"Soy del PP y soy maricón": la realidad de la derecha con el colectivo LGTBIQ+ más allá del eslogan
Jaime de los Santos reivindica su militancia en el PP y su condición de hombre gay mientras su partido rechaza penalizar las terapias de conversión y mantiene su histórico rechazo legislativo
27-6-26
ElPlural
El debate sobre la reforma del Código Penal para tipificar expresamente las llamadas terapias de conversión volvió a situar este martes al Partido Popular frente a una de las cuestiones que más tensiones genera entre su discurso institucional y su trayectoria legislativa en materia de derechos LGTBIQ+. Mientras la formación anunció su voto en contra de la iniciativa, el diputado popular Jaime de los Santos reivindicó desde la tribuna que es posible ser militante del PP y formar parte del colectivo, defendiendo el compromiso de su partido con la igualdad y la diversidad.
Durante su intervención en el Pleno del Congreso, De los Santos se definió como un hombre "orgullosamente gay" y militante del Partido Popular, una doble condición que aseguró vivir con absoluta normalidad. El diputado aprovechó además para agradecer al presidente del partido, Alberto Núñez Feijóo, que nunca haya juzgado a nadie "por a quién ama o con quién comparte su vida", presentando a la dirección popular como una organización donde la orientación sexual carece de relevancia política.
El parlamentario sostuvo que el PP participa activamente en la celebración del Orgullo y afirmó que la defensa de los derechos del colectivo constituye una de las condiciones irrenunciables que su formación establece en los acuerdos de gobierno. En ese contexto, citó como ejemplo las comunidades de Madrid y la Comunitat Valenciana, gobernadas por el Partido Popular, asegurando que en ellas se protegen los derechos LGTBI con determinación.
Sin embargo, esas afirmaciones contrastan con la actuación política desarrollada por ambos ejecutivos autonómicos durante la presente legislatura. Tanto Madrid como la Comunitat Valenciana han impulsado reformas que modifican sus respectivas leyes autonómicas de igualdad y diversidad, reduciendo parte de las garantías contempladas en la normativa anterior. A ello se suma la decisión de no colocar la bandera arcoíris en las sedes institucionales durante la celebración del Orgullo, una práctica que ha generado críticas por parte de organizaciones sociales y colectivos LGTBI.
La intervención de De los Santos también choca con la posición mantenida históricamente por el Partido Popular en el Parlamento.
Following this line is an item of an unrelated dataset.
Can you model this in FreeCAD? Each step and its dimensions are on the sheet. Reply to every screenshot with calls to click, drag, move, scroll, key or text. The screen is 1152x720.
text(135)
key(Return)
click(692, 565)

La formación votó en contra de la ley que legalizó el matrimonio entre personas del mismo sexo en 2005 —norma que posteriormente recurrió ante el Tribunal Constitucional— y también rechazó la Ley Trans y de igualdad efectiva para las personas trans aprobada en 2023, así como otras iniciativas estatales relacionadas con la ampliación de derechos del colectivo.
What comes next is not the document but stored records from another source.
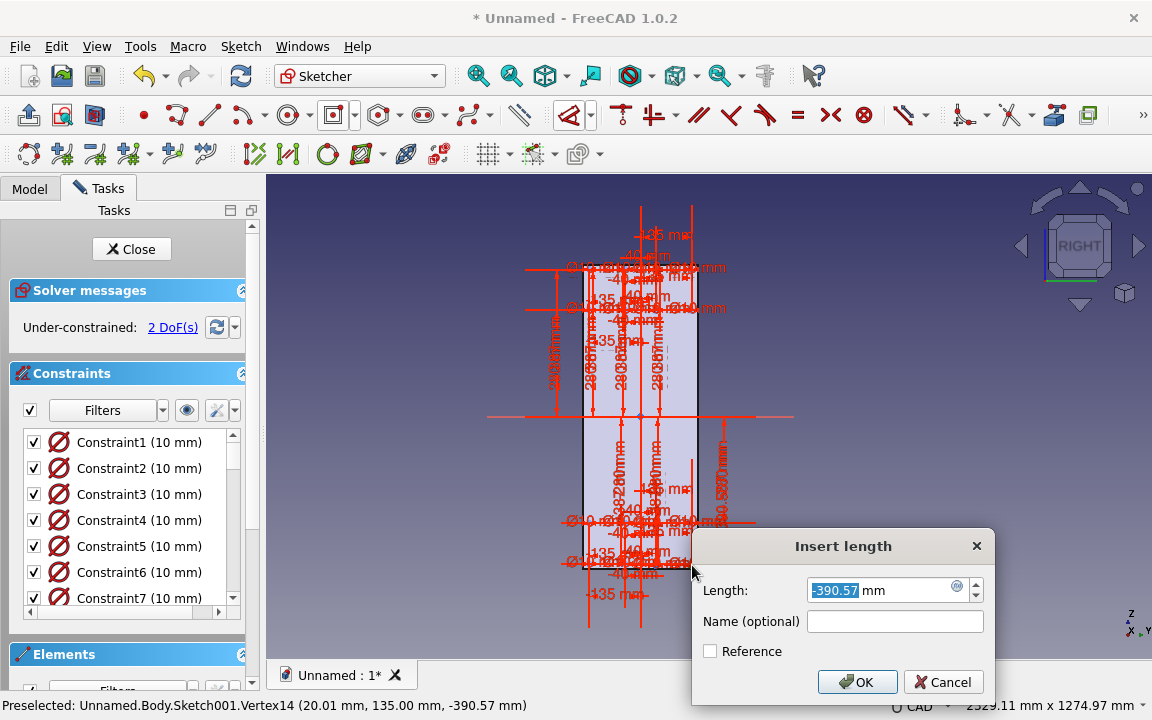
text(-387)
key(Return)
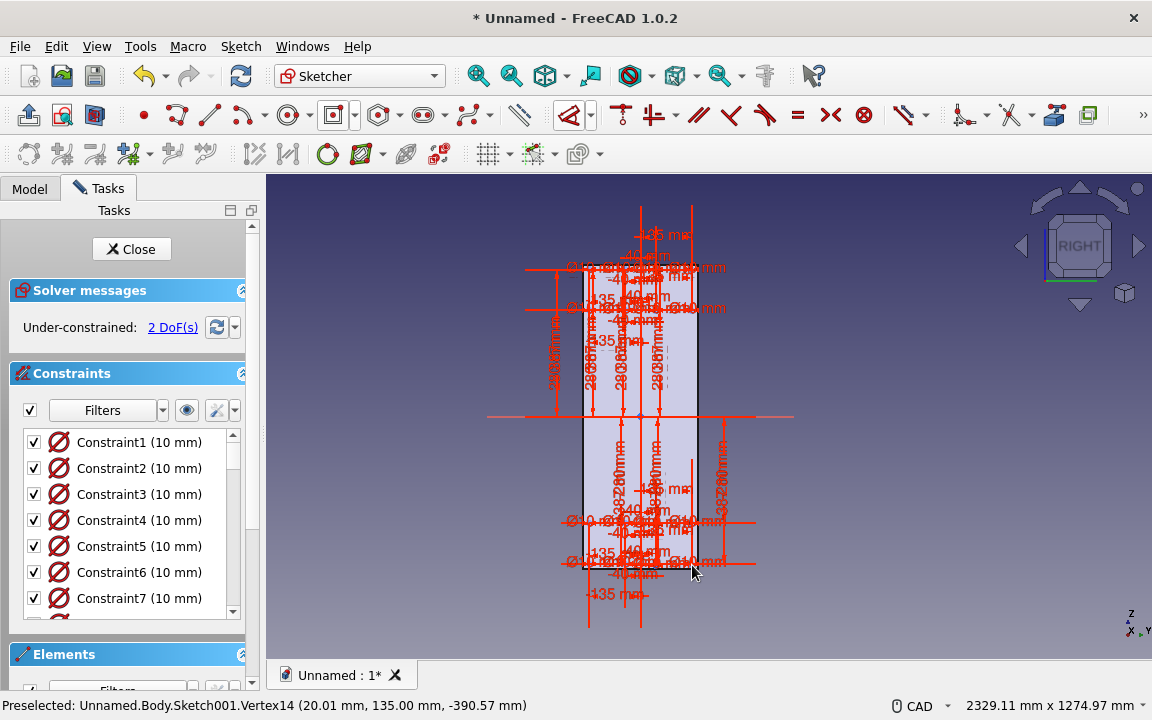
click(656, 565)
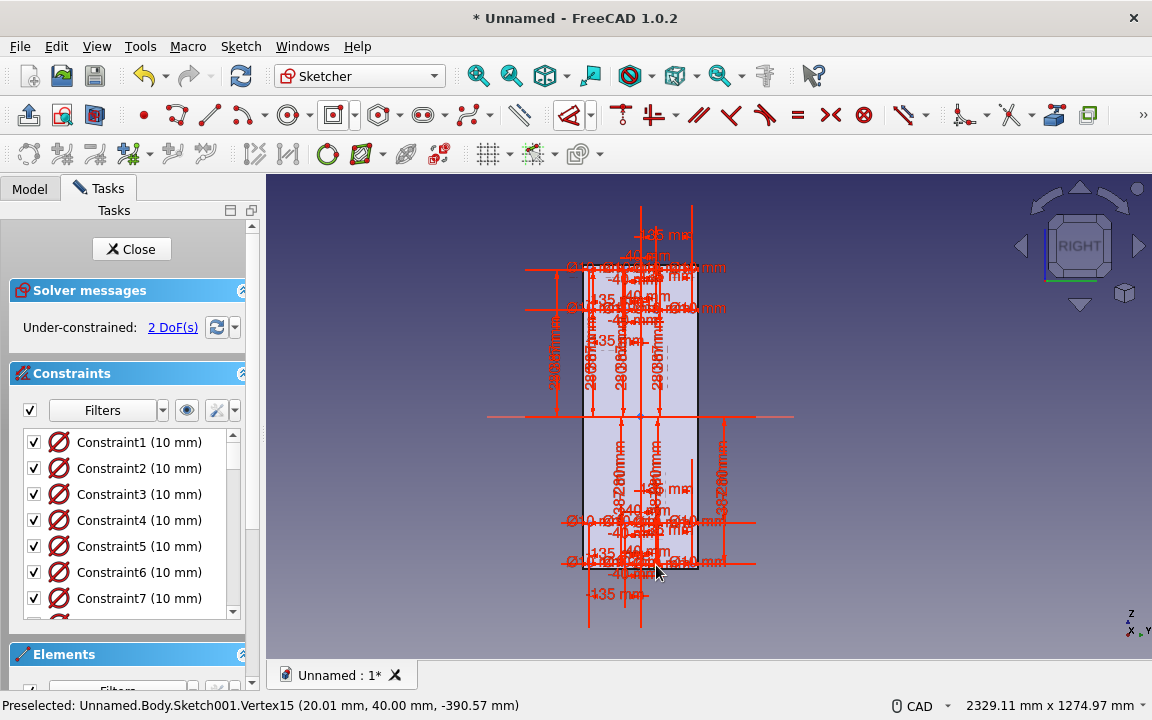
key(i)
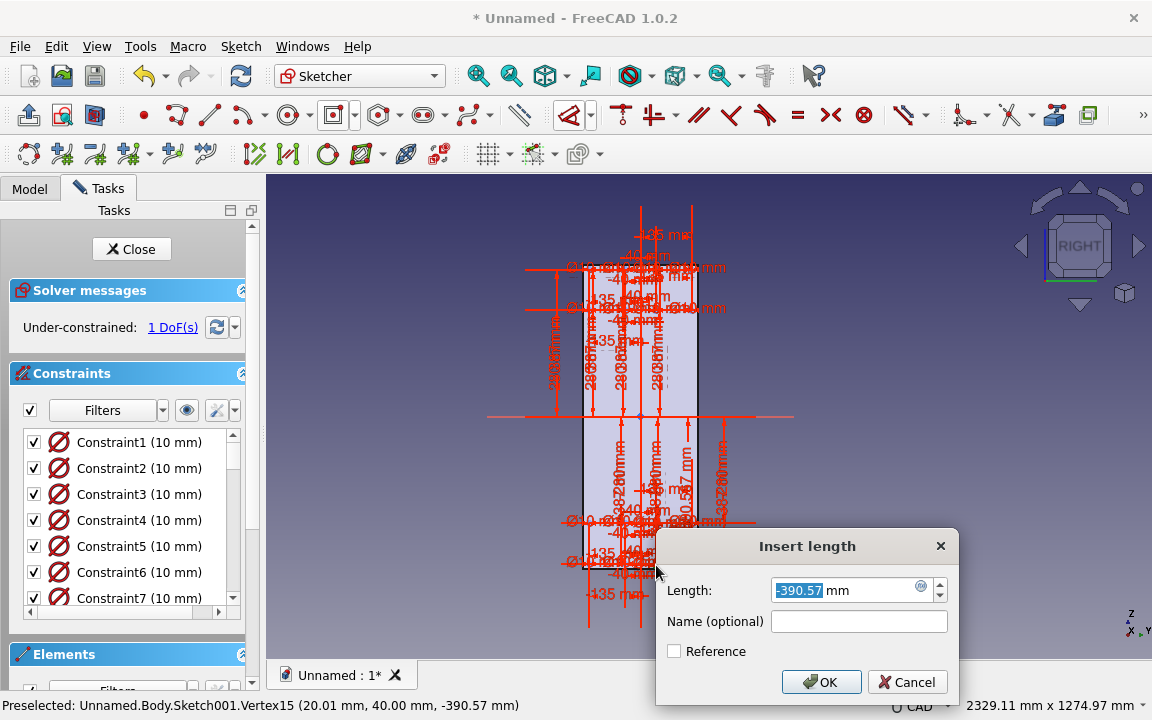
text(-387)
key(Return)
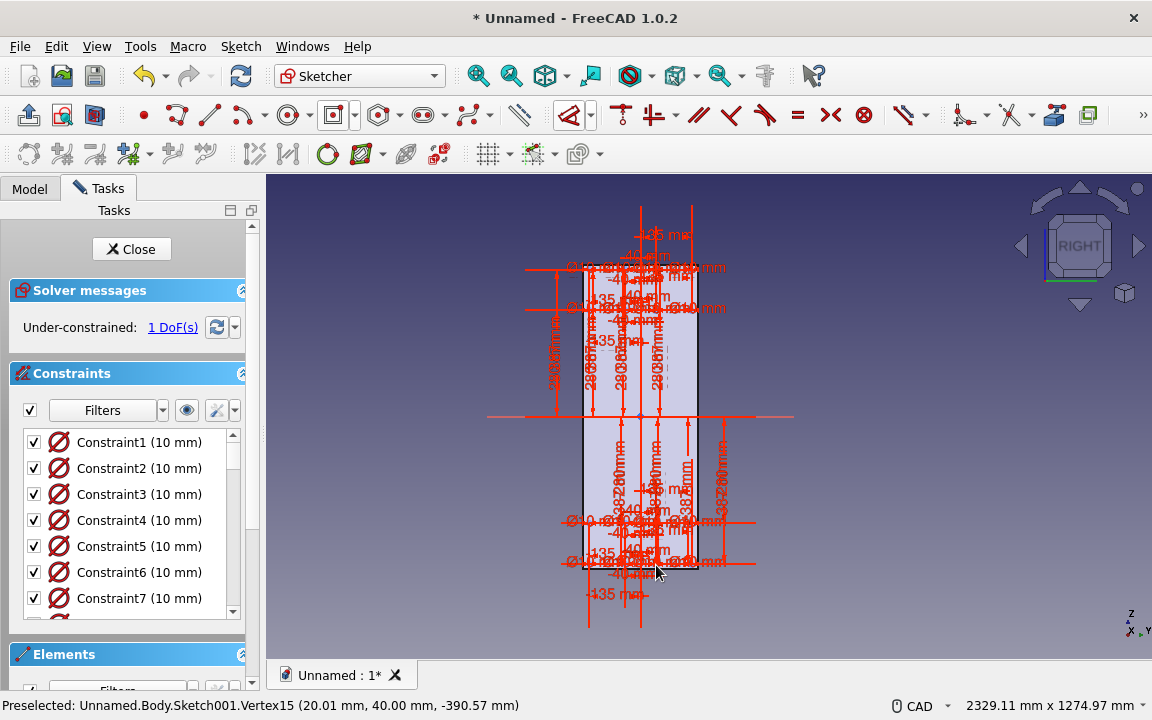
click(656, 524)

Durante el debate, el diputado popular quiso igualmente reivindicar la figura del alcalde de Madrid, José Luis Martínez-Almeida, al que calificó como "el alcalde de España", pese a la controversia generada por la campaña institucional del Orgullo en la capital y por la política del Ayuntamiento respecto a la simbología LGTBI.
La principal discrepancia parlamentaria giró, no obstante, en torno a la reforma penal que pretende castigar las terapias de conversión incluso cuando exista un supuesto consentimiento de la persona afectada. El Partido Popular considera que la redacción planteada invade el principio jurídico del consentimiento, argumento que De los Santos trató de reforzar recurriendo a una comparación con el asesinato del concejal del PP Miguel Ángel Blanco a manos de ETA en 1997.
"El consentimiento es un pilar básico de nuestro Estado de derecho", afirmó el diputado, antes de preguntarse retóricamente si Miguel Ángel Blanco había consentido que le arrebataran la vida. La referencia provocó críticas entre varios grupos parlamentarios, que consideraron improcedente equiparar ambos supuestos en un debate centrado en la protección de los derechos fundamentales del colectivo LGTBIQ+.
La reforma debatida en el Congreso pretende incorporar al Código Penal sanciones específicas contra las prácticas conocidas como terapias de conversión, ampliamente rechazadas por organismos internacionales de derechos humanos y por las principales asociaciones científicas, que las consideran ineficaces y potencialmente lesivas para la integridad física y psicológica de las personas LGTBIQ+. Mientras el Partido Popular insiste en presentarse como una formación comprometida con esos derechos, su rechazo a esta iniciativa y su historial parlamentario vuelven a situar bajo escrutinio la coherencia entre ese discurso y sus decisiones legislativas.